■ **To do**
Can you restate the records below word for word?

■ **Supplied material**
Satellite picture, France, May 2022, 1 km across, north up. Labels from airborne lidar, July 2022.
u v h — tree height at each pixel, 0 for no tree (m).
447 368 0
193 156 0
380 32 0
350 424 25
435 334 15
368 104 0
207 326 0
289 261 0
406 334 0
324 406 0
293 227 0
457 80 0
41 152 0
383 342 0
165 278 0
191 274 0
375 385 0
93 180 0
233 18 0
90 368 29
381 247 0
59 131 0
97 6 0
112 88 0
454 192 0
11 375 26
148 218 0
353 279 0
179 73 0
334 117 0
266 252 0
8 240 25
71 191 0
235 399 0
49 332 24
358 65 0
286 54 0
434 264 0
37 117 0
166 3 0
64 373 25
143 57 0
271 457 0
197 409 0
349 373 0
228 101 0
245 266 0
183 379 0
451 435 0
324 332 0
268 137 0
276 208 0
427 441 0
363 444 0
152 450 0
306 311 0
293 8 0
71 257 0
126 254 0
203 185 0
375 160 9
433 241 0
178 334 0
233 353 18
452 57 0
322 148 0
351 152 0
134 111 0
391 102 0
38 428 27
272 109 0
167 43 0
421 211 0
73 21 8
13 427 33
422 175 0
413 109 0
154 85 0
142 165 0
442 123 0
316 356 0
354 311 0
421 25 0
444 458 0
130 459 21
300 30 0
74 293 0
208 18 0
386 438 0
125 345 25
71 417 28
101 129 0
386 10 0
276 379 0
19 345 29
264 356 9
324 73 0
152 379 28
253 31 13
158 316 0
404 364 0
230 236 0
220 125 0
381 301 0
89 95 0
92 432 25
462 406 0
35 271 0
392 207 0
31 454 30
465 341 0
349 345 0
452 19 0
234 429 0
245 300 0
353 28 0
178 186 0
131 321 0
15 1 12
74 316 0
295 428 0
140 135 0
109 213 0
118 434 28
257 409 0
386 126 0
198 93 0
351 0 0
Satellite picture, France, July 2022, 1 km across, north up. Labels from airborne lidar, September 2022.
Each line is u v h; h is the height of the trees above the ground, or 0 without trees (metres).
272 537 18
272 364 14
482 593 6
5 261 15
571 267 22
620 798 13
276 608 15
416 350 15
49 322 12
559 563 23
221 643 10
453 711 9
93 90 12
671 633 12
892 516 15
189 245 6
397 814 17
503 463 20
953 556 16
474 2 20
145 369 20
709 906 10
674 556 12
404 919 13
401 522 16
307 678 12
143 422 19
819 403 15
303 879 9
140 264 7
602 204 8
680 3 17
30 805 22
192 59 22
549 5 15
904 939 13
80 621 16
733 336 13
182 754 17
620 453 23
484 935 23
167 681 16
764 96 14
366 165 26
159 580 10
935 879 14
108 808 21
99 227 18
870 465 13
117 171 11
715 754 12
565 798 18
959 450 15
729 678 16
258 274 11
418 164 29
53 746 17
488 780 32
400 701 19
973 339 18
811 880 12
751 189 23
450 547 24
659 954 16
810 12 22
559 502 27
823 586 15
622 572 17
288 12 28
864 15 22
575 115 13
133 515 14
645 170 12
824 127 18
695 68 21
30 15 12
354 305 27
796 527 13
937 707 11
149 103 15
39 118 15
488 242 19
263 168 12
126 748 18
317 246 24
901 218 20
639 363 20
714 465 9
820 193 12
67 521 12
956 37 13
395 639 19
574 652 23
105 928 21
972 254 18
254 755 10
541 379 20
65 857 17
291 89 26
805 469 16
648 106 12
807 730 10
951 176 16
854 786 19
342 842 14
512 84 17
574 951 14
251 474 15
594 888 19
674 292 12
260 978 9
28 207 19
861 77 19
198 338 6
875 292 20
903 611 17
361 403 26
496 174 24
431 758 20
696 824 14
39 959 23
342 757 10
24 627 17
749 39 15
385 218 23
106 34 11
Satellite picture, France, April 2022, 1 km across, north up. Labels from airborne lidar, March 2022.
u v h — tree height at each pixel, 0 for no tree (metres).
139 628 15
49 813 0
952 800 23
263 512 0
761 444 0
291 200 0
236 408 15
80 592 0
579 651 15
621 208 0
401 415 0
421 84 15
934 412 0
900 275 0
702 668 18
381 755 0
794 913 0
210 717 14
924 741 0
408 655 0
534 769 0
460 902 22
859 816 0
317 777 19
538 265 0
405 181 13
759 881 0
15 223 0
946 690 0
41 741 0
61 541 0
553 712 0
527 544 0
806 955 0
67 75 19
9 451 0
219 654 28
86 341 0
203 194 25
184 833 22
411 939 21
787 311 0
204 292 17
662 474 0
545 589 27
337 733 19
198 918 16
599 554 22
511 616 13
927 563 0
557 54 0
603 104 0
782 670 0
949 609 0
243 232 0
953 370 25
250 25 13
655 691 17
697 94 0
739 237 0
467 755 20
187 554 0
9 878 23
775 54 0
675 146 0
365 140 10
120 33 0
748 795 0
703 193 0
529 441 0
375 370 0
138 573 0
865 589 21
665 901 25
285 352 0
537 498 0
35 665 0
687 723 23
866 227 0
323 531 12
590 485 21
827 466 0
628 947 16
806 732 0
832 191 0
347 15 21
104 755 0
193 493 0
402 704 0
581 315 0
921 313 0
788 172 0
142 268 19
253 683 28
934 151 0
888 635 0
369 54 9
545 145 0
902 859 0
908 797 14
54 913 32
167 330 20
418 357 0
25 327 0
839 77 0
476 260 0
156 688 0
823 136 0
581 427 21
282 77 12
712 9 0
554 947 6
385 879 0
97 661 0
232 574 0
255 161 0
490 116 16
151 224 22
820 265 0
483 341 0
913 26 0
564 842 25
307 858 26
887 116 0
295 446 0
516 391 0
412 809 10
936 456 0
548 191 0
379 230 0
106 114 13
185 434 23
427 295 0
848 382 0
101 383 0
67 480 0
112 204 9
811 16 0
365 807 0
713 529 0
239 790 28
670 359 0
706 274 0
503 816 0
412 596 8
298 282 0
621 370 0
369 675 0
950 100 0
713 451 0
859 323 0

■ **Task result**
Satellite picture, France, May 2022, 1 km across, north up. Labels from airborne lidar, July 2022.
u v h — tree height at each pixel, 0 for no tree (m).
447 368 0
193 156 0
380 32 0
350 424 25
435 334 15
368 104 0
207 326 0
289 261 0
406 334 0
324 406 0
293 227 0
457 80 0
41 152 0
383 342 0
165 278 0
191 274 0
375 385 0
93 180 0
233 18 0
90 368 29
381 247 0
59 131 0
97 6 0
112 88 0
454 192 0
11 375 26
148 218 0
353 279 0
179 73 0
334 117 0
266 252 0
8 240 25
71 191 0
235 399 0
49 332 24
358 65 0
286 54 0
434 264 0
37 117 0
166 3 0
64 373 25
143 57 0
271 457 0
197 409 0
349 373 0
228 101 0
245 266 0
183 379 0
451 435 0
324 332 0
268 137 0
276 208 0
427 441 0
363 444 0
152 450 0
306 311 0
293 8 0
71 257 0
126 254 0
203 185 0
375 160 9
433 241 0
178 334 0
233 353 18
452 57 0
322 148 0
351 152 0
134 111 0
391 102 0
38 428 27
272 109 0
167 43 0
421 211 0
73 21 8
13 427 33
422 175 0
413 109 0
154 85 0
142 165 0
442 123 0
316 356 0
354 311 0
421 25 0
444 458 0
130 459 21
300 30 0
74 293 0
208 18 0
386 438 0
125 345 25
71 417 28
101 129 0
386 10 0
276 379 0
19 345 29
264 356 9
324 73 0
152 379 28
253 31 13
158 316 0
404 364 0
230 236 0
220 125 0
381 301 0
89 95 0
92 432 25
462 406 0
35 271 0
392 207 0
31 454 30
465 341 0
349 345 0
452 19 0
234 429 0
245 300 0
353 28 0
178 186 0
131 321 0
15 1 12
74 316 0
295 428 0
140 135 0
109 213 0
118 434 28
257 409 0
386 126 0
198 93 0
351 0 0
Satellite picture, France, July 2022, 1 km across, north up. Labels from airborne lidar, September 2022.
Each line is u v h; h is the height of the trees above the ground, or 0 without trees (metres).
272 537 18
272 364 14
482 593 6
5 261 15
571 267 22
620 798 13
276 608 15
416 350 15
49 322 12
559 563 23
221 643 10
453 711 9
93 90 12
671 633 12
892 516 15
189 245 6
397 814 17
503 463 20
953 556 16
474 2 20
145 369 20
709 906 10
674 556 12
404 919 13
401 522 16
307 678 12
143 422 19
819 403 15
303 879 9
140 264 7
602 204 8
680 3 17
30 805 22
192 59 22
549 5 15
904 939 13
80 621 16
733 336 13
182 754 17
620 453 23
484 935 23
167 681 16
764 96 14
366 165 26
159 580 10
935 879 14
108 808 21
99 227 18
870 465 13
117 171 11
715 754 12
565 798 18
959 450 15
729 678 16
258 274 11
418 164 29
53 746 17
488 780 32
400 701 19
973 339 18
811 880 12
751 189 23
450 547 24
659 954 16
810 12 22
559 502 27
823 586 15
622 572 17
288 12 28
864 15 22
575 115 13
133 515 14
645 170 12
824 127 18
695 68 21
30 15 12
354 305 27
796 527 13
937 707 11
149 103 15
39 118 15
488 242 19
263 168 12
126 748 18
317 246 24
901 218 20
639 363 20
714 465 9
820 193 12
67 521 12
956 37 13
395 639 19
574 652 23
105 928 21
972 254 18
254 755 10
541 379 20
65 857 17
291 89 26
805 469 16
648 106 12
807 730 10
951 176 16
854 786 19
342 842 14
512 84 17
574 951 14
251 474 15
594 888 19
674 292 12
260 978 9
28 207 19
861 77 19
198 338 6
875 292 20
903 611 17
361 403 26
496 174 24
431 758 20
696 824 14
39 959 23
342 757 10
24 627 17
749 39 15
385 218 23
106 34 11
Satellite picture, France, April 2022, 1 km across, north up. Labels from airborne lidar, March 2022.
u v h — tree height at each pixel, 0 for no tree (metres).
139 628 15
49 813 0
952 800 23
263 512 0
761 444 0
291 200 0
236 408 15
80 592 0
579 651 15
621 208 0
401 415 0
421 84 15
934 412 0
900 275 0
702 668 18
381 755 0
794 913 0
210 717 14
924 741 0
408 655 0
534 769 0
460 902 22
859 816 0
317 777 19
538 265 0
405 181 13
759 881 0
15 223 0
946 690 0
41 741 0
61 541 0
553 712 0
527 544 0
806 955 0
67 75 19
9 451 0
219 654 28
86 341 0
203 194 25
184 833 22
411 939 21
787 311 0
204 292 17
662 474 0
545 589 27
337 733 19
198 918 16
599 554 22
511 616 13
927 563 0
557 54 0
603 104 0
782 670 0
949 609 0
243 232 0
953 370 25
250 25 13
655 691 17
697 94 0
739 237 0
467 755 20
187 554 0
9 878 23
775 54 0
675 146 0
365 140 10
120 33 0
748 795 0
703 193 0
529 441 0
375 370 0
138 573 0
865 589 21
665 901 25
285 352 0
537 498 0
35 665 0
687 723 23
866 227 0
323 531 12
590 485 21
827 466 0
628 947 16
806 732 0
832 191 0
347 15 21
104 755 0
193 493 0
402 704 0
581 315 0
921 313 0
788 172 0
142 268 19
253 683 28
934 151 0
888 635 0
369 54 9
545 145 0
902 859 0
908 797 14
54 913 32
167 330 20
418 357 0
25 327 0
839 77 0
476 260 0
156 688 0
823 136 0
581 427 21
282 77 12
712 9 0
554 947 6
385 879 0
97 661 0
232 574 0
255 161 0
490 116 16
151 224 22
820 265 0
483 341 0
913 26 0
564 842 25
307 858 26
887 116 0
295 446 0
516 391 0
412 809 10
936 456 0
548 191 0
379 230 0
106 114 13
185 434 23
427 295 0
848 382 0
101 383 0
67 480 0
112 204 9
811 16 0
365 807 0
713 529 0
239 790 28
670 359 0
706 274 0
503 816 0
412 596 8
298 282 0
621 370 0
369 675 0
950 100 0
713 451 0
859 323 0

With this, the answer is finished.